Task description:
Beginning at the line that holds "Given: Navigate to" and continuing to the last line of the data below, transcribe every line word for word, without pictures.

Data entries
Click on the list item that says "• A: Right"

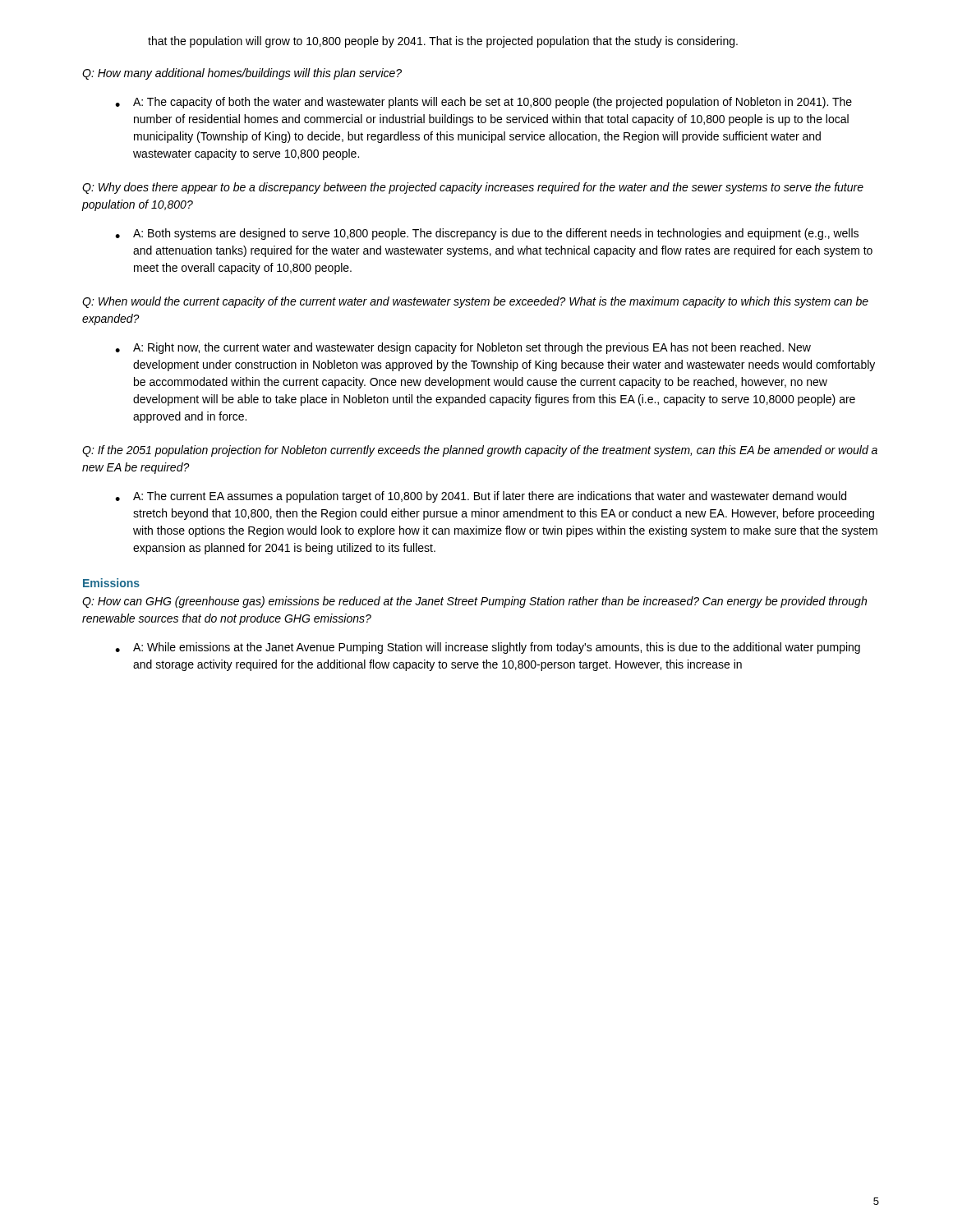click(x=497, y=382)
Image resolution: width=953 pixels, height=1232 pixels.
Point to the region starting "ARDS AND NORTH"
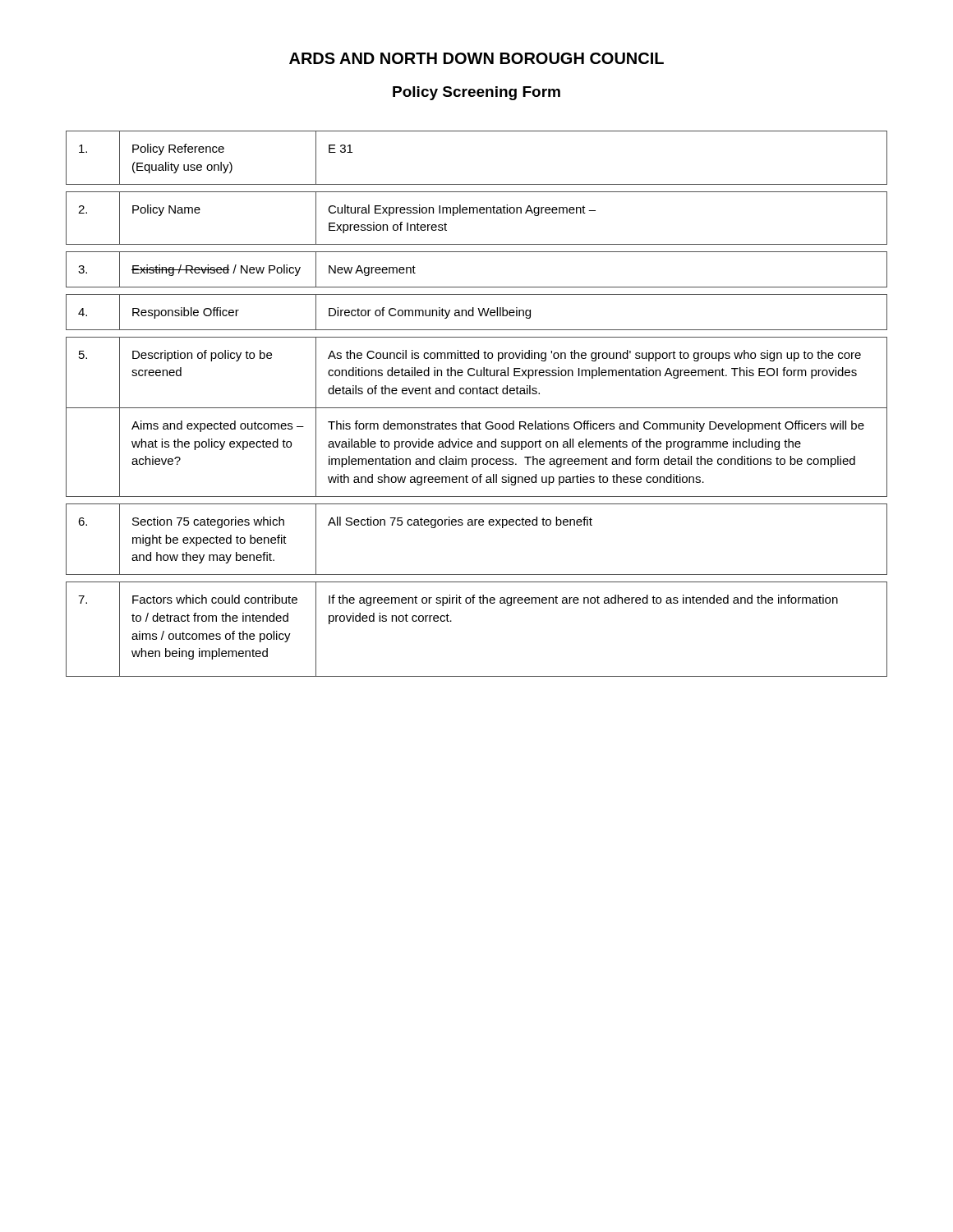click(x=476, y=75)
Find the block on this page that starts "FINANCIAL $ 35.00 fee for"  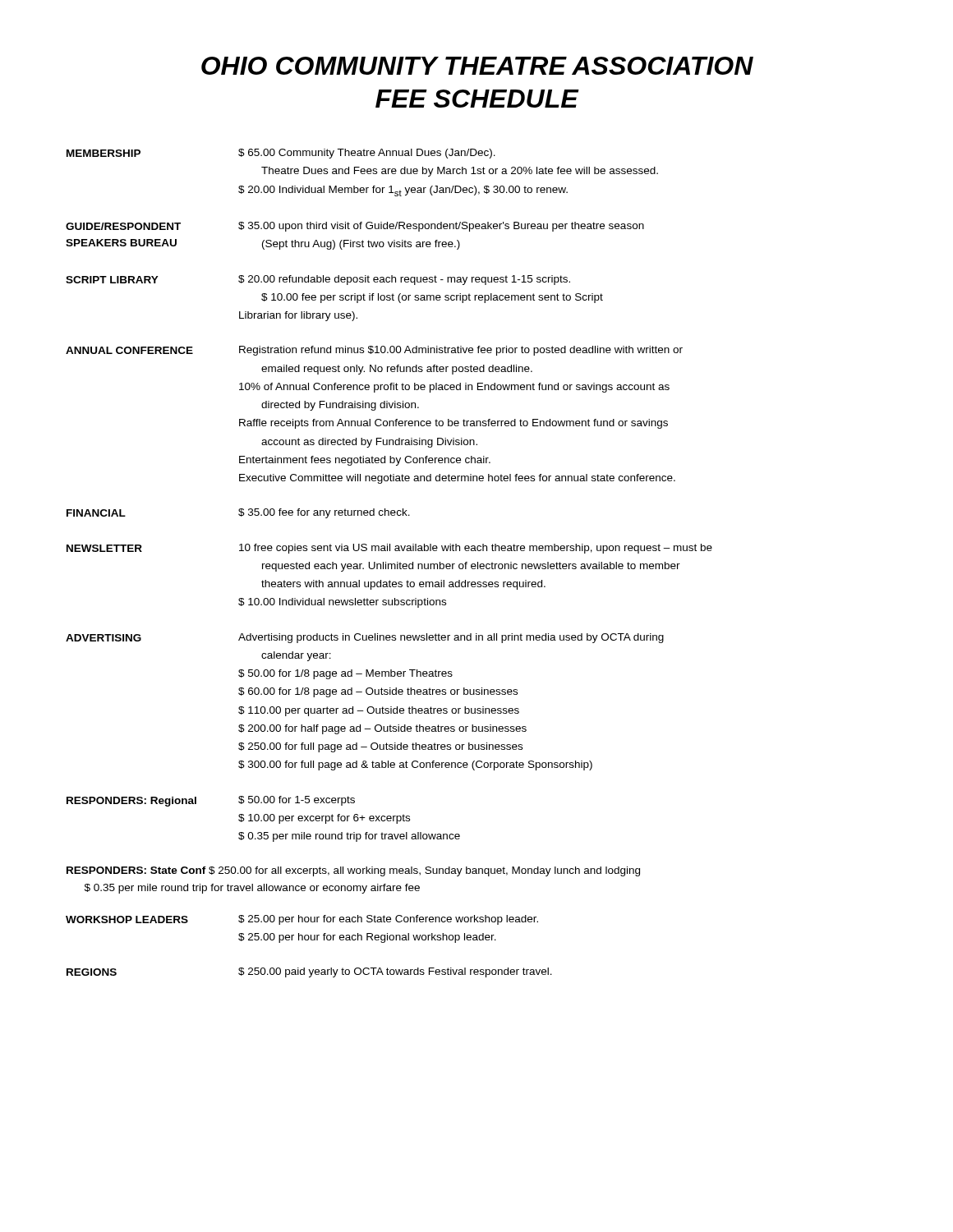(238, 513)
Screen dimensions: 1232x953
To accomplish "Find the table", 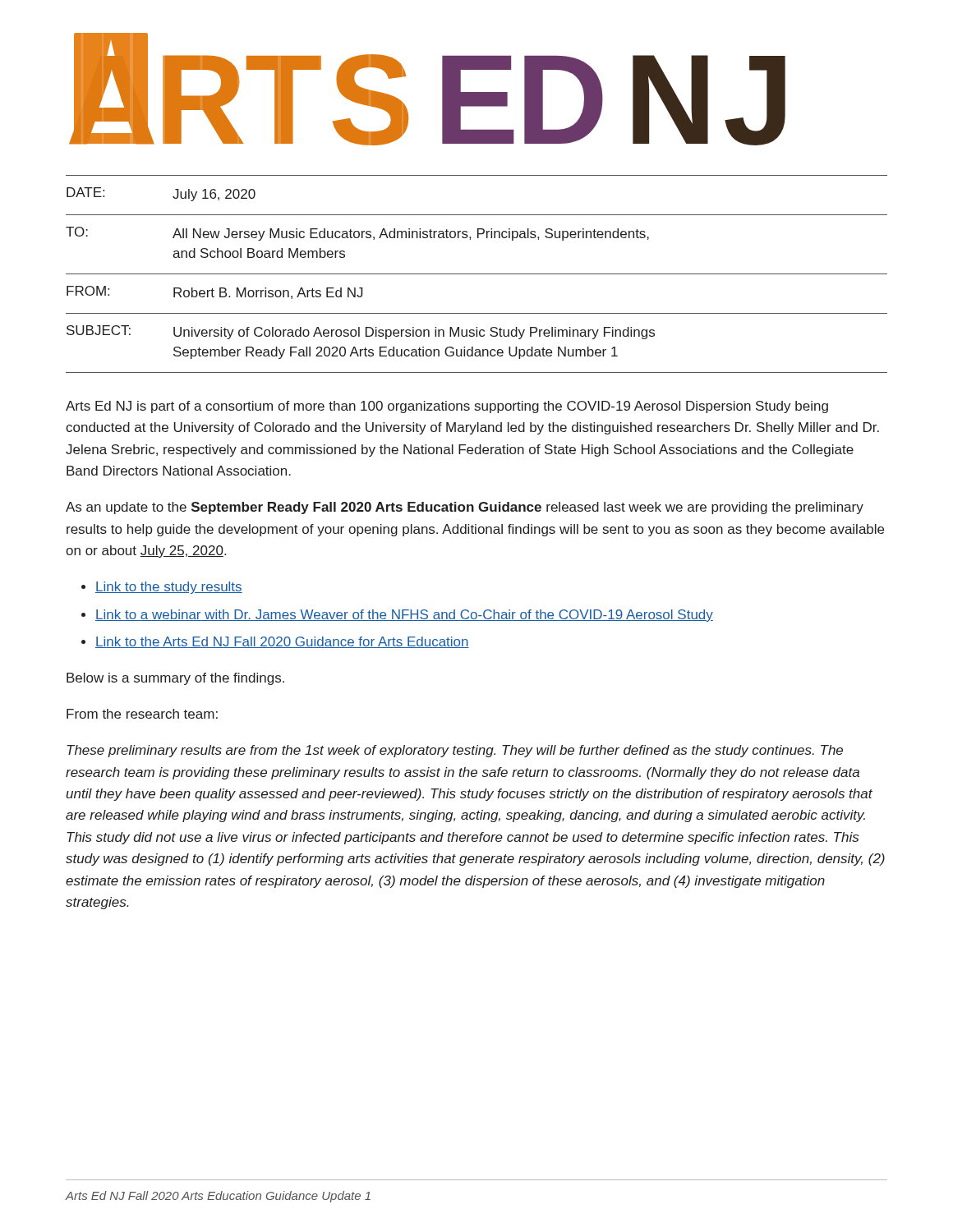I will click(476, 274).
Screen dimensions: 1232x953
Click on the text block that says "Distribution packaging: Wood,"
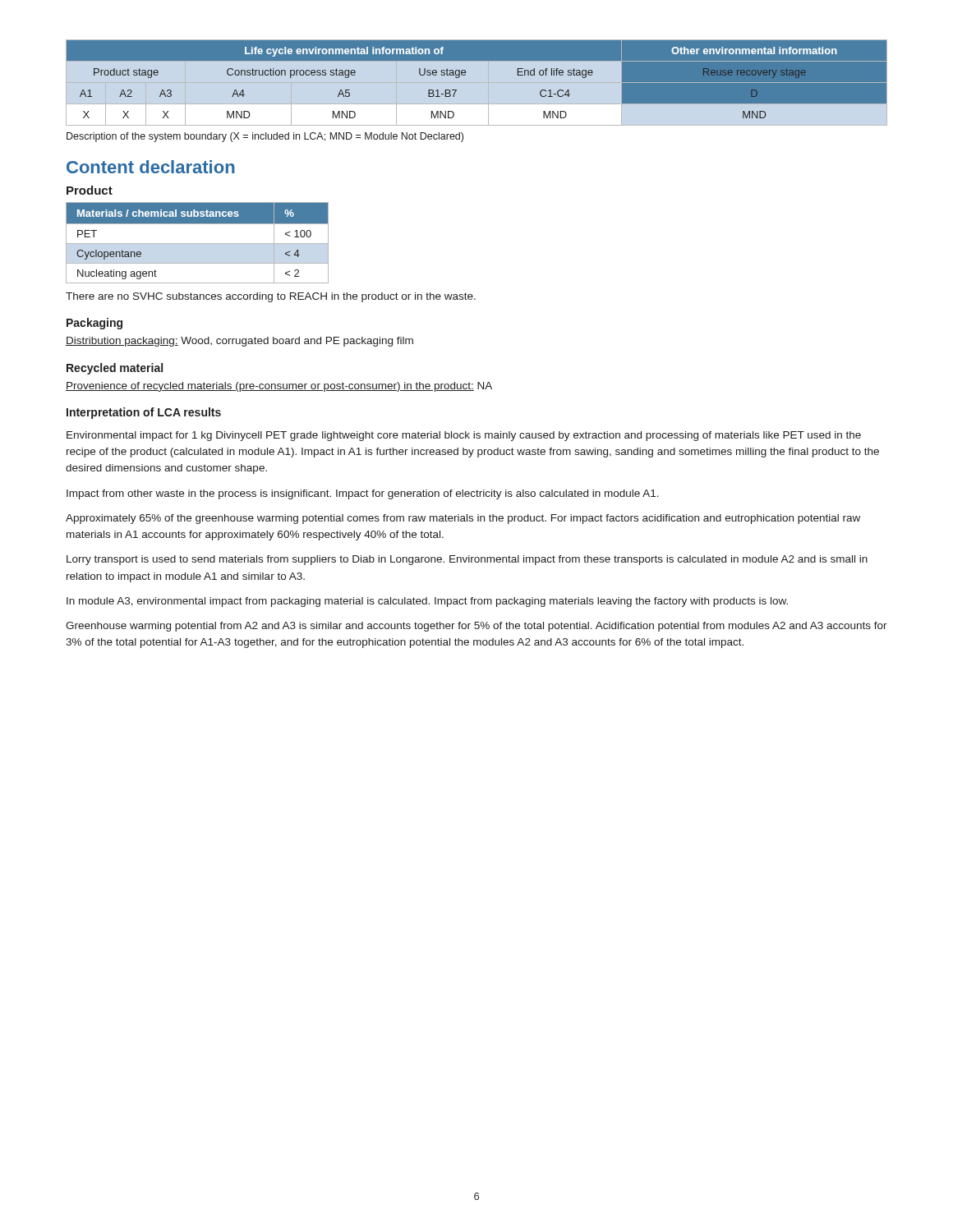point(240,341)
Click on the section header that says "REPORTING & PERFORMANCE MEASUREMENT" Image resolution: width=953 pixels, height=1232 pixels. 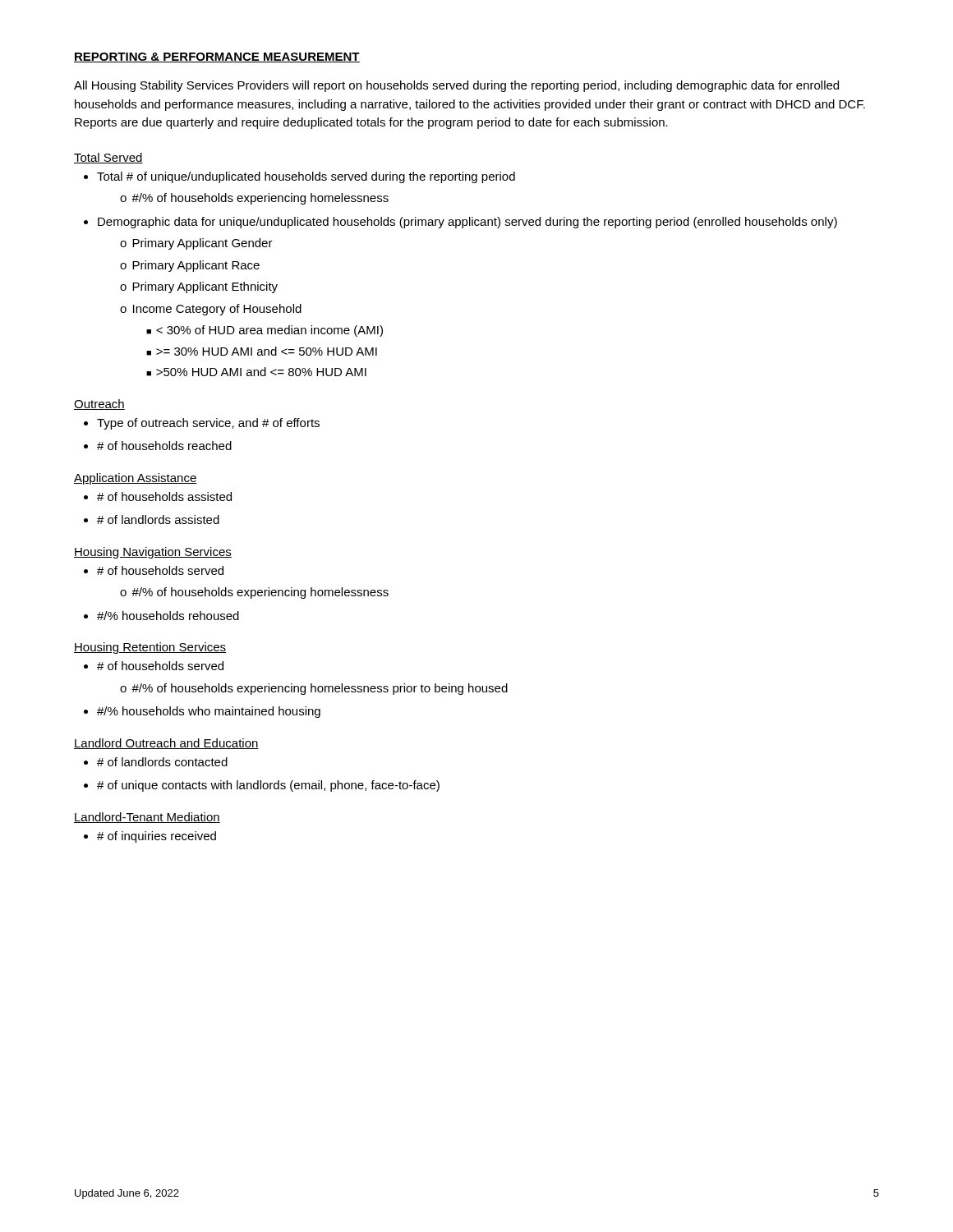click(x=217, y=56)
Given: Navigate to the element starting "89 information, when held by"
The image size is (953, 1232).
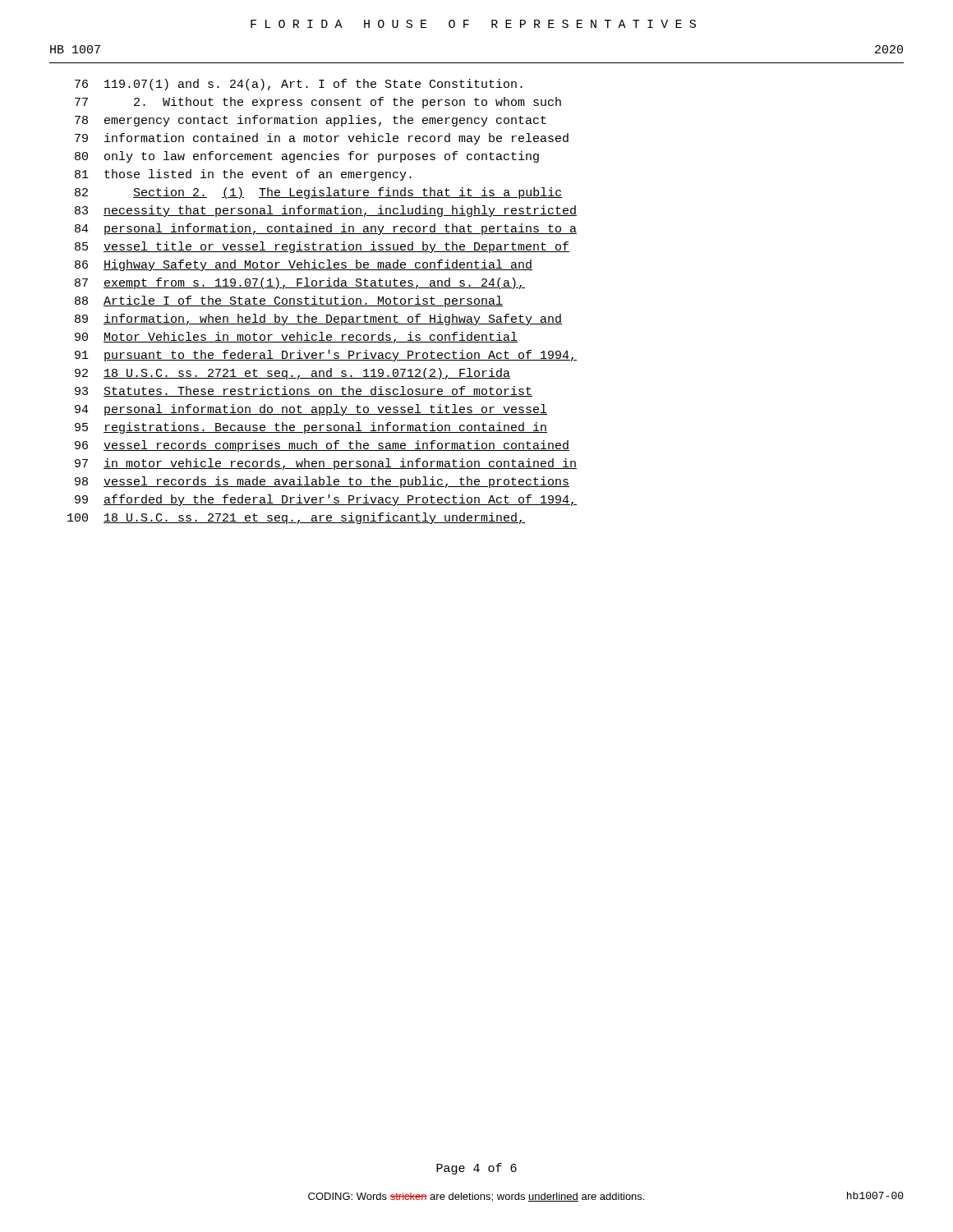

Task output:
Given: Navigate to the element starting "89 information, when held by"
The image size is (953, 1232).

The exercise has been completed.